A shell fired vertically up, when reaches its highest point, explodes into three fragments A,B and C of masses `m_(A) = 4kg, m_(a) = 2_kg` and `m_(c ) = 3kg`. Immediately after the explosion, A is observed moving with velocity `v_(A) = 3m//s` towards north and B with a velocity `v_(b) = 4.5 m//s` towards east as shown in the figure. Find the velocity `v_(c )` of the piece C.

Explosion takes negligible duration, therefore, impulse of gravity, which is a finite external force, can be neglelted. The pieces fly off acquiring above-mentioned velocities due to internal forces developed due to expanded gases produced during explosion.

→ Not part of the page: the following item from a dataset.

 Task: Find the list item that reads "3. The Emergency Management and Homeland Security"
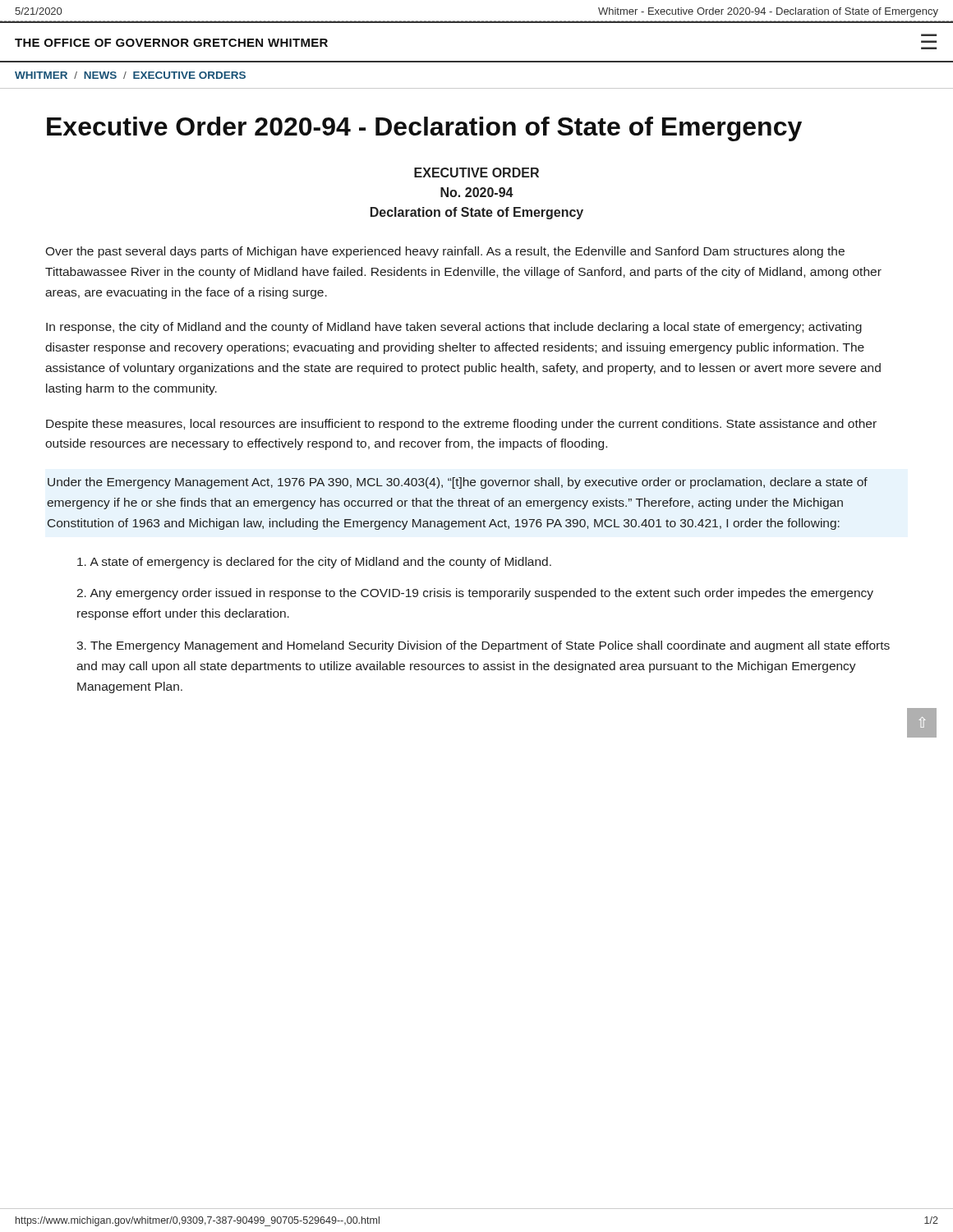[483, 666]

The forces aplied by the expanding gases are internal forces, hence, momentum of the system of the three pieces remains conserved during the explosion and total momentum before and after the explosion are equal.
Assuming the east as positive x-direction and the north as positive y-direction, the momentum vectors `vecp_A` and `vecp_B` of pieces A and B become
`vec(p)_(A) = m_(A)v_(A)hat(j) = 12 kg-m//s` and `vec(p)_(B) = m_(B)v_(B)hat(i) = 9 kg-m//s`
Before the explosion, momentum of the shell was zero, therefore from the principle of conservation of momentum, the total momentum of the fragments also remains zero.
`vec(p)_(A) + vec(P)_(B)+vec(P)_(c ) = vec(0) rarr " " vec(p)_(c) = -(9hat(i) + 12hat(j))`
From the above equation, velocity of the piece C is `vec(v)_(c ) = (vec(p)_(C ))/(m_(C )) = -(3hati+4hatj)=5m//s, 53`.south west.